Selain itu, biarkan anak menangis atau marah. Saat Naya menangis, saya akan menanyakan padanya kenapa dia menangis? Apa karena habis dimarahi? Atau karena sedih mau saya tinggal jaga? Saya tekankan, "Nah itu namanya sedih kak. Engga apa-apa kalau kakak sedih terus menangis. Wajar kok." Demikian juga saat Naya marah. Saya kenalkan padanya emosi yang sedang dia rasakan bernama "marah". Saya ingin Naya tahu, its alright to be unhappy sometimes. Its part of life.
Saya juga mengajarkan Naya untuk berbagi dan peduli. Saya yakin, bahwa manusia akan merasa lebih bahagia saat merasa mempunyai arti lebih bagi sesama, bahkan pada saat masih kecil. Saya sering meminta tolong Naya mengambilkan barang. Lalu saat Naya mengambilkan dan memberikan barang tadi pada saya, saya akan mengucapkan terima kasih dengan wajah berseri-seri. Biasanya, Naya jadi senang sekali setelahnya.

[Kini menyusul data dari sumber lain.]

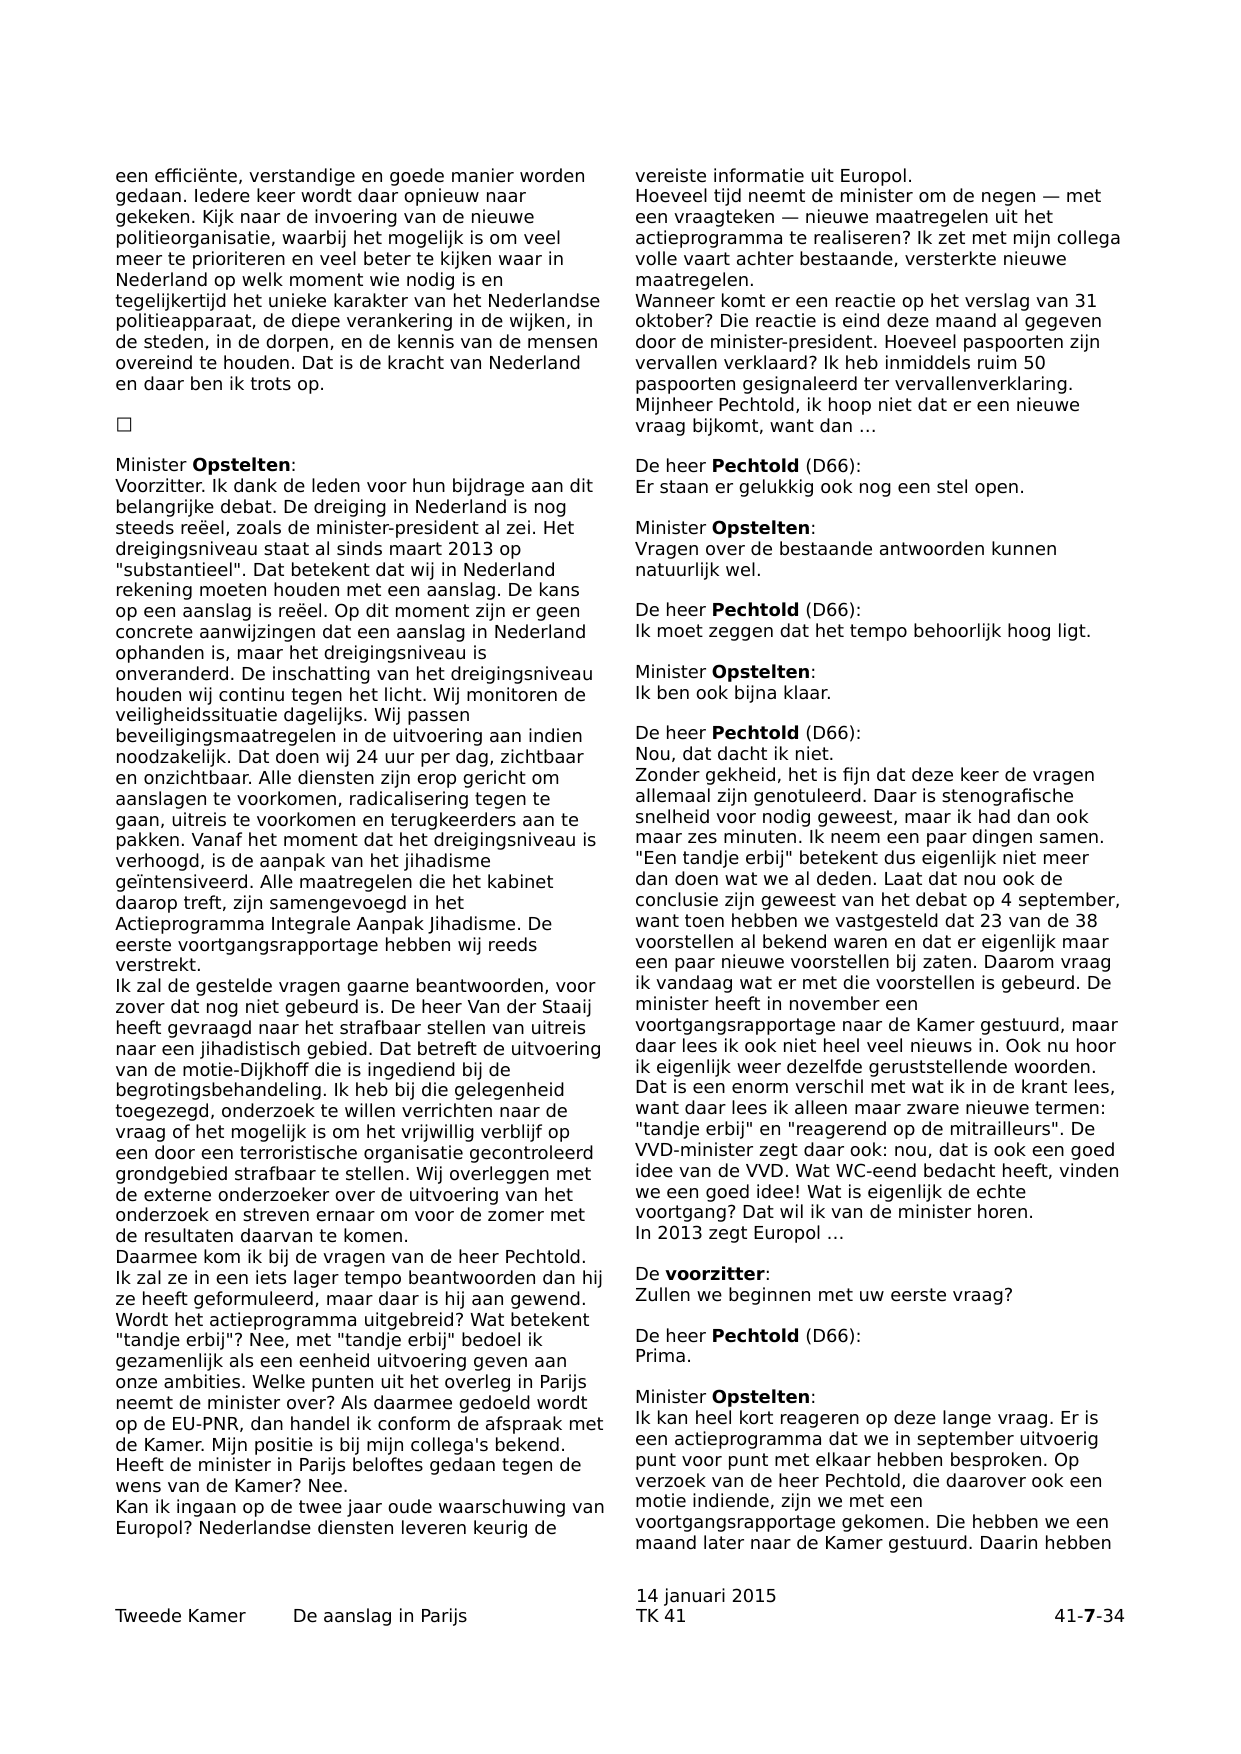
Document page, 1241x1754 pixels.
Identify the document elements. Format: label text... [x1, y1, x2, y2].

text Minister Opstelten: [635, 662, 1125, 682]
text Ik zal de gestelde vragen gaarne beantwoorden, voor zover dat nog niet gebeurd is. De heer Van der Staaij heeft gevraagd naar het strafbaar stellen van uitreis naar een jihadistisch gebied. Dat betreft de uitvoering van de motie-Dijkhoff die is ingediend bij de begrotingsbehandeling. Ik heb bij die gelegenheid toegezegd, onderzoek te willen verrichten naar de vraag of het mogelijk is om het vrijwillig verblijf op een door een terroristische organisatie gecontroleerd grondgebied strafbaar te stellen. Wij overleggen met de externe onderzoeker over de uitvoering van het onderzoek en streven ernaar om voor de zomer met de resultaten daarvan te komen. [115, 976, 605, 1247]
text een efficiënte, verstandige en goede manier worden gedaan. Iedere keer wordt daar opnieuw naar gekeken. Kijk naar de invoering van de nieuwe politieorganisatie, waarbij het mogelijk is om veel meer te prioriteren en veel beter te kijken waar in Nederland op welk moment wie nodig is en tegelijkertijd het unieke karakter van het Nederlandse politieapparaat, de diepe verankering in de wijken, in de steden, in de dorpen, en de kennis van de mensen overeind te houden. Dat is de kracht van Nederland en daar ben ik trots op. [115, 165, 605, 394]
text De heer Pechtold (D66): [635, 600, 1125, 621]
text Kan ik ingaan op de twee jaar oude waarschuwing van Europol? Nederlandse diensten leveren keurig de [115, 1497, 605, 1538]
text Daarmee kom ik bij de vragen van de heer Pechtold. Ik zal ze in een iets lager tempo beantwoorden dan hij ze heeft geformuleerd, maar daar is hij aan gewend. Wordt het actieprogramma uitgebreid? Wat betekent "tandje erbij"? Nee, met "tandje erbij" bedoel ik gezamenlijk als een eenheid uitvoering geven aan onze ambities. Welke punten uit het overleg in Parijs neemt de minister over? Als daarmee gedoeld wordt op de EU-PNR, dan handel ik conform de afspraak met de Kamer. Mijn positie is bij mijn collega's bekend. [115, 1247, 605, 1455]
text Zonder gekheid, het is fijn dat deze keer de vragen allemaal zijn genotuleerd. Daar is stenografische snelheid voor nodig geweest, maar ik had dan ook maar zes minuten. Ik neem een paar dingen samen. [635, 765, 1125, 848]
text De heer Pechtold (D66): [635, 723, 1125, 744]
text De heer Pechtold (D66): [635, 456, 1125, 477]
text vereiste informatie uit Europol. [635, 165, 1125, 186]
text Nou, dat dacht ik niet. [635, 744, 1125, 765]
text Minister Opstelten: [115, 455, 605, 476]
text "Een tandje erbij" betekent dus eigenlijk niet meer dan doen wat we al deden. Laat dat nou ook de conclusie zijn geweest van het debat op 4 september, want toen hebben we vastgesteld dat 23 van de 38 voorstellen al bekend waren en dat er eigenlijk maar een paar nieuwe voorstellen bij zaten. Daarom vraag ik vandaag wat er met die voorstellen is gebeurd. De minister heeft in november een voortgangsrapportage naar de Kamer gestuurd, maar daar lees ik ook niet heel veel nieuws in. Ook nu hoor ik eigenlijk weer dezelfde geruststellende woorden. Dat is een enorm verschil met wat ik in de krant lees, want daar lees ik alleen maar zware nieuwe termen: "tandje erbij" en "reagerend op de mitrailleurs". De VVD-minister zegt daar ook: nou, dat is ook een goed idee van de VVD. Wat WC-eend bedacht heeft, vinden we een goed idee! Wat is eigenlijk de echte voortgang? Dat wil ik van de minister horen. [635, 848, 1125, 1223]
text Zullen we beginnen met uw eerste vraag? [635, 1285, 1125, 1306]
text De heer Pechtold (D66): [635, 1326, 1125, 1346]
text Heeft de minister in Parijs beloftes gedaan tegen de wens van de Kamer? Nee. [115, 1455, 605, 1497]
text Minister Opstelten: [635, 1387, 1125, 1408]
text ⬜ [115, 414, 605, 435]
text Prima. [635, 1346, 1125, 1367]
text Voorzitter. Ik dank de leden voor hun bijdrage aan dit belangrijke debat. De dreiging in Nederland is nog steeds reëel, zoals de minister-president al zei. Het dreigingsniveau staat al sinds maart 2013 op "substantieel". Dat betekent dat wij in Nederland rekening moeten houden met een aanslag. De kans op een aanslag is reëel. Op dit moment zijn er geen concrete aanwijzingen dat een aanslag in Nederland ophanden is, maar het dreigingsniveau is onveranderd. De inschatting van het dreigingsniveau houden wij continu tegen het licht. Wij monitoren de veiligheidssituatie dagelijks. Wij passen beveiligingsmaatregelen in de uitvoering aan indien noodzakelijk. Dat doen wij 24 uur per dag, zichtbaar en onzichtbaar. Alle diensten zijn erop gericht om aanslagen te voorkomen, radicalisering tegen te gaan, uitreis te voorkomen en terugkeerders aan te pakken. Vanaf het moment dat het dreigingsniveau is verhoogd, is de aanpak van het jihadisme geïntensiveerd. Alle maatregelen die het kabinet daarop treft, zijn samengevoegd in het Actieprogramma Integrale Aanpak Jihadisme. De eerste voortgangsrapportage hebben wij reeds verstrekt. [115, 476, 605, 976]
text Wanneer komt er een reactie op het verslag van 31 oktober? Die reactie is eind deze maand al gegeven door de minister-president. Hoeveel paspoorten zijn vervallen verklaard? Ik heb inmiddels ruim 50 paspoorten gesignaleerd ter vervallenverklaring. [635, 290, 1125, 394]
text Ik moet zeggen dat het tempo behoorlijk hoog ligt. [635, 621, 1125, 642]
text Mijnheer Pechtold, ik hoop niet dat er een nieuwe vraag bijkomt, want dan … [635, 394, 1125, 436]
text Vragen over de bestaande antwoorden kunnen natuurlijk wel. [635, 538, 1125, 580]
text Ik ben ook bijna klaar. [635, 682, 1125, 703]
text De voorzitter: [635, 1264, 1125, 1285]
text Hoeveel tijd neemt de minister om de negen — met een vraagteken — nieuwe maatregelen uit het actieprogramma te realiseren? Ik zet met mijn collega volle vaart achter bestaande, versterkte nieuwe maatregelen. [635, 186, 1125, 290]
text In 2013 zegt Europol … [635, 1223, 1125, 1244]
text Minister Opstelten: [635, 518, 1125, 538]
text Er staan er gelukkig ook nog een stel open. [635, 477, 1125, 498]
text Ik kan heel kort reageren op deze lange vraag. Er is een actieprogramma dat we in september uitvoerig punt voor punt met elkaar hebben besproken. Op verzoek van de heer Pechtold, die daarover ook een motie indiende, zijn we met een voortgangsrapportage gekomen. Die hebben we een maand later naar de Kamer gestuurd. Daarin hebben [635, 1408, 1125, 1554]

Terakhir, lagi-lagi, children see children do. Anak akan meniru apapun dari orangtuanya, termasuk mood. Jangankan anak seumur Naya, bayi dalam kandungan pun bisa merasakan emosi ibu dan mencontohnya lho! Maka itu, perbanyak senyum, perbanyak tawa. Happy mommy, happy baby!:)
3 comments:
PR saya nih untuk membiarkan Edsel menangis, bukan malah menyuruhnya diam. Thanks Mba Met.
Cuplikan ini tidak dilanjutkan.